Featured Article Of The Week

Mendota Mental Health Institute


Mendota03.jpg

Mendota opened on July 14, 1860 when it admitted a patient who had been brought all the way from Oconto County...a long trip by horse and wagon. Even though the hospital was not yet ready to open, that Saturday it was decided that, because of the distance the patient had been brought, he should be received. Thus began Mendota's ready response to the needs of patients and communities, which has been its tradition.

Mendota has gone through many changes since then, some of them dramatized in the changes in its name. It opened as an "Asylum", appropriate in an era when little could be done for the mentally ill except to house and care for them...i.e. to give them asylum...when their families and communities could no longer cope with their needs.

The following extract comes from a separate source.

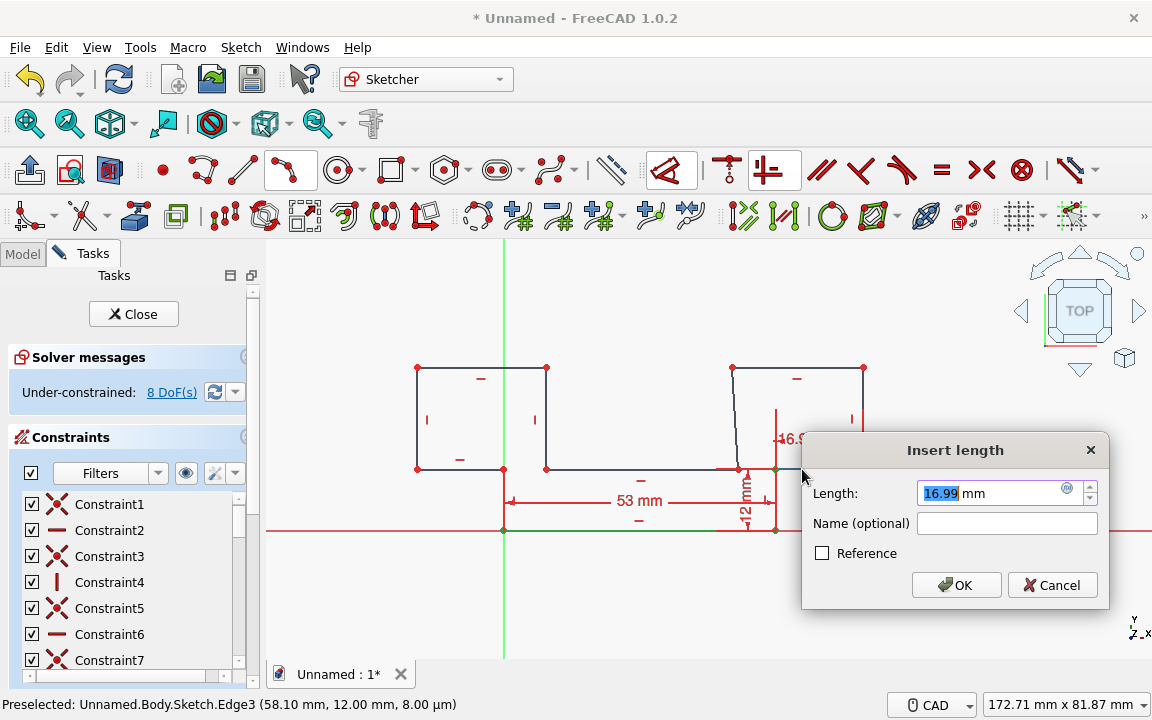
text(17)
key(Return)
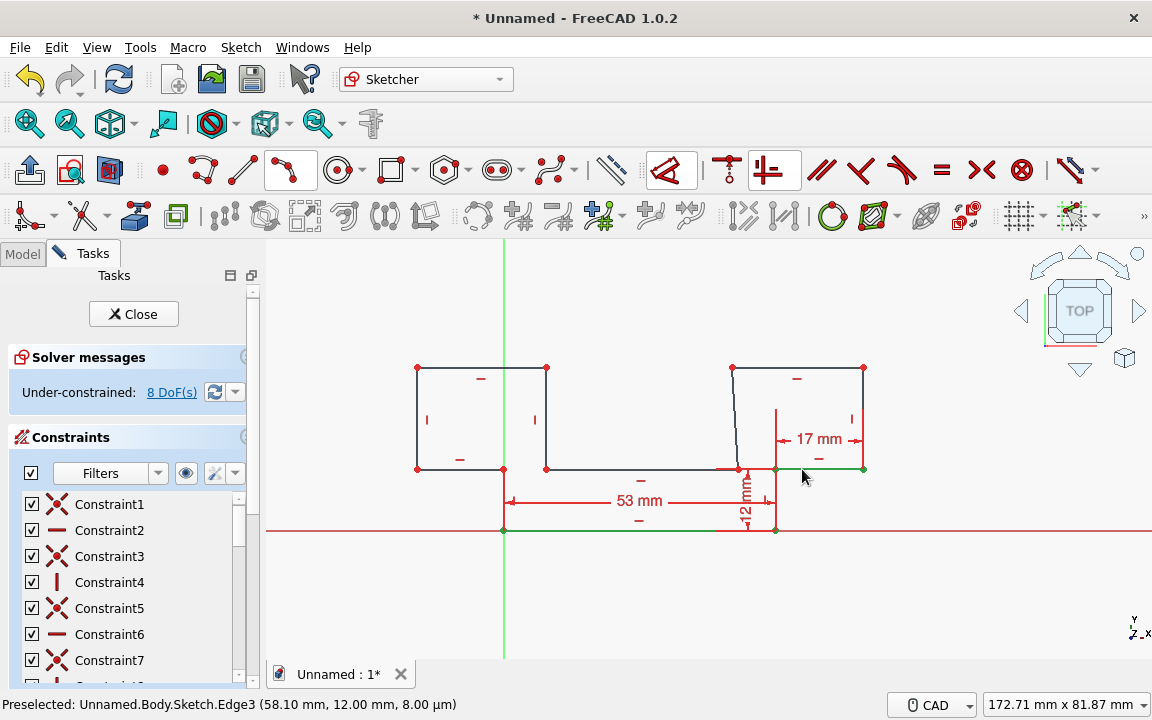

In a later era, when patients were recognized as having an illness...mental illness...the name was changed to Mendota State Hospital, reflecting its responsibility for providing treatment.

In more recent times, with the discovery of psychiatric medications and with new approaches (some of which resulted from research at Mendota itself) it became possible for the mentally ill to be treated in community hospitals and clinics. But there remained a need for a place for those who required more specialized treatment than most community hospitals and clinics could provide, and where the tradition of research, education, and consultation that Mendota had already established could continue. Mendota was then changed to its present name of Mendota Mental Health Institute. Click here for more...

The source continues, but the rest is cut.